Look for a honest and reliable realestate agent like Bill who the HOA actually interviewd and all5 board members went with Bill to be they HOA High Sierra Lidge Resaler.


----------



## LisaH (Jan 8, 2011)

During my short ownership at Hyatt High Sierra Lodge (week 7, 2200 points), I had no problem reserving week 52 (New Year) and week 27 (July4th). As long as you have enough points and you put yourself on the wait-list early enough, you should have no problem getting almost any week at most of the resorts. This is one aspect that I liked about HVC. That being said, you will need 4200 points if you would like to go there every year for 1 week in X-mas and 1 week in summer.

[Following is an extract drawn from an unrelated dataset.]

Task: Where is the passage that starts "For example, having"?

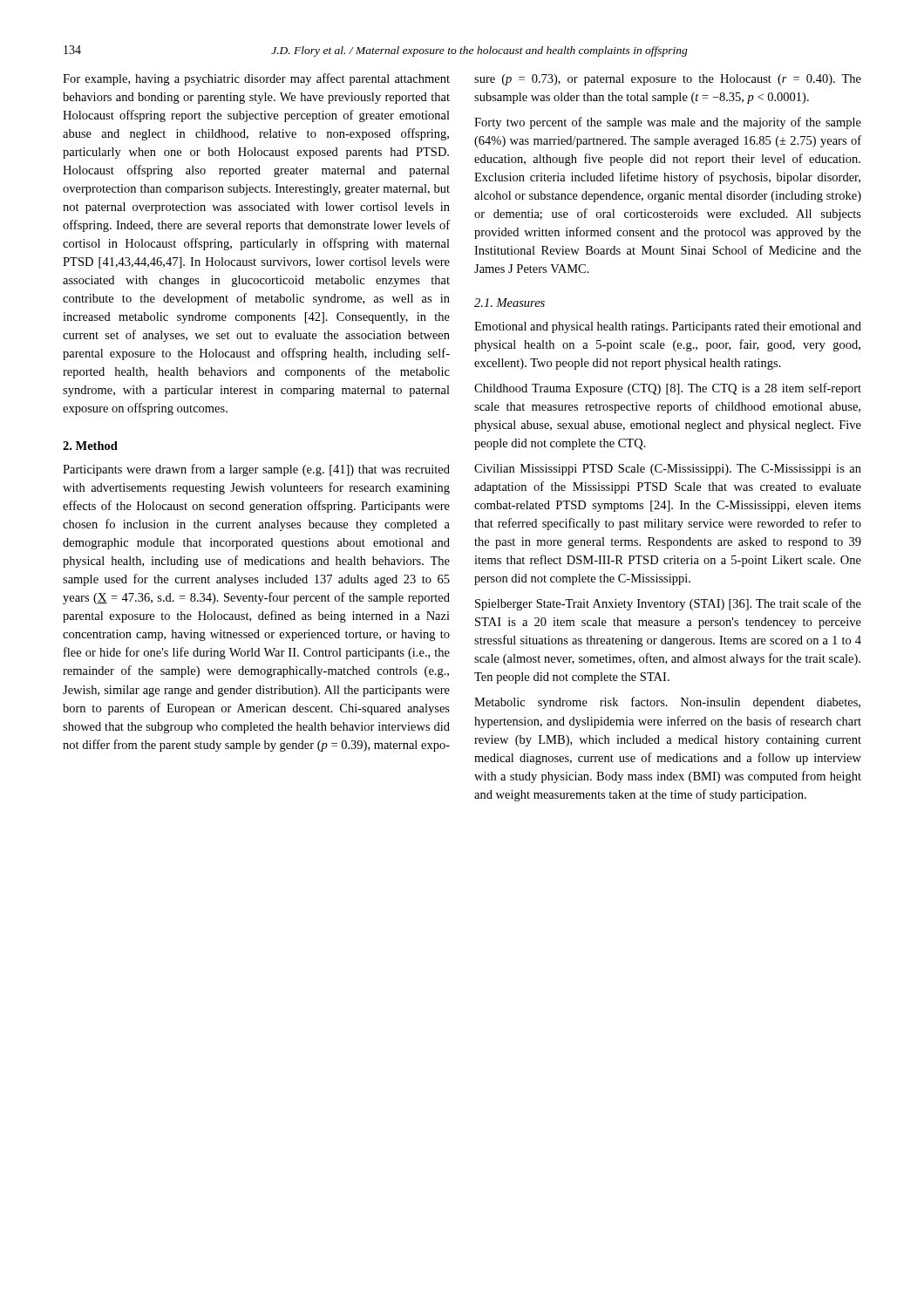Action: coord(256,244)
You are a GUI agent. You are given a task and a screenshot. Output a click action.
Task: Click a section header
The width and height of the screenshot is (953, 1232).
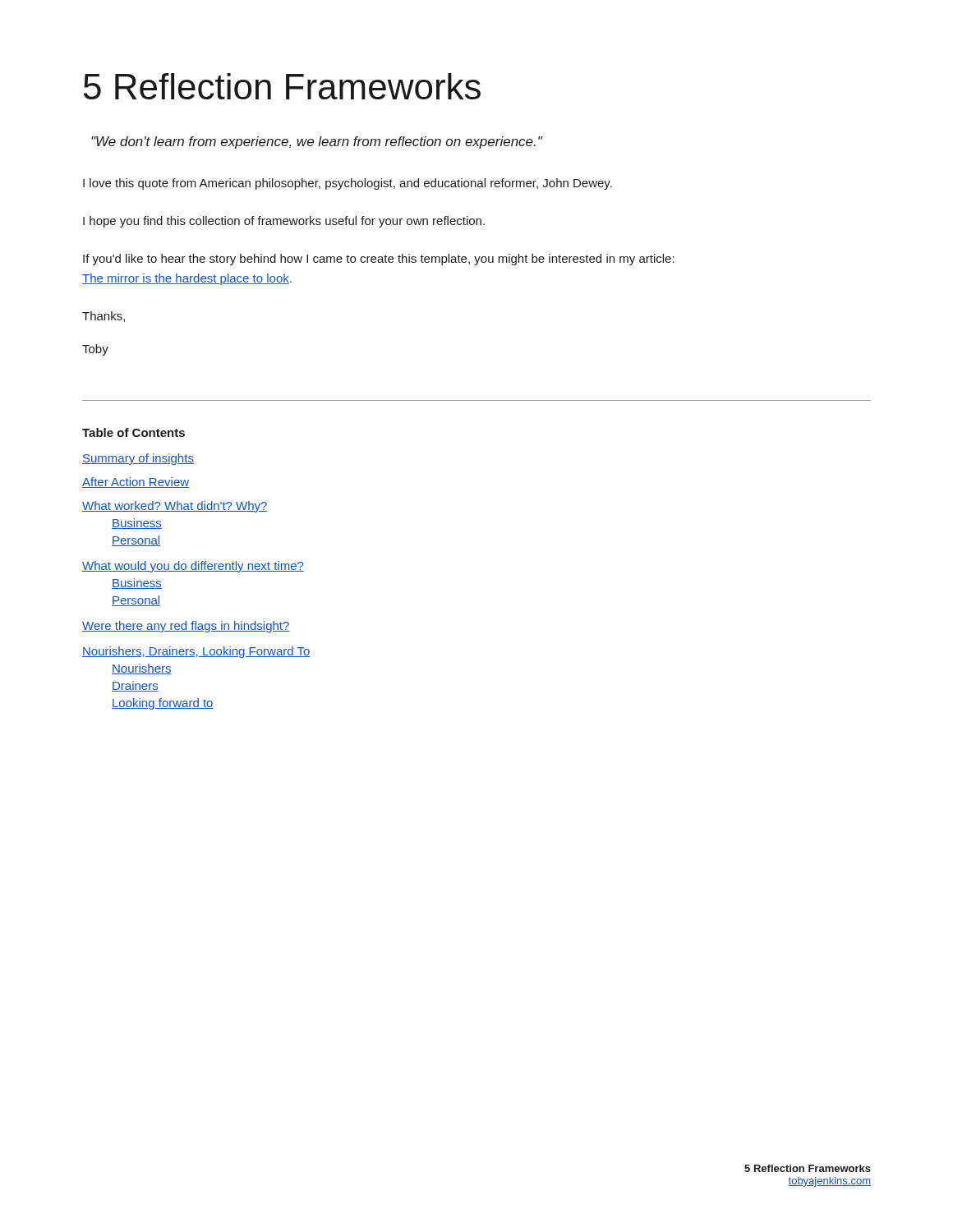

Also, it will be best to buy the weeks that would grant you points in time to make the available reservation early enough. I am a bit rusty here but Kal has explained in details on his website and others have done so as well on this board. Please read as much as you can before making any purchase decision.


----------



## Carmel85 (Jan 8, 2011)

LisaH said:


> During my short ownership at Hyatt High Sierra Lodge (week 7, 2200 points), I had no problem reserving week 52 (New Year) and week 27 (July4th). As long as you have enough points and you put yourself on the wait-list early enough, you should have no problem getting almost any week at most of the resorts. This is one aspect that I liked about HVC. That being said, you will need 4200 points if you would like to go there every year for 1 week in X-mas and 1 week in summer. Also, it will be best to buy the weeks that would grant you points in time to make the available reservation early enough. I am a bit rusty here but Kal has explained in details on his website and others have done so as well on this board. Please read as much as you can before making any purchase decision.




LisaH


I know a long time Hyatt family that just this year did not get week 52 nor 4th of July and his wife knows the system very well.

It was way easier  last year but remember Hyatt Carmel now is on a level playing field with the same point value for a 1 bedroom unit and Hyatt Carmel owners are trading for Tahoe now.

Come to a wine and cheese at the resort and you will see,Carmel owners every where in Tahoe.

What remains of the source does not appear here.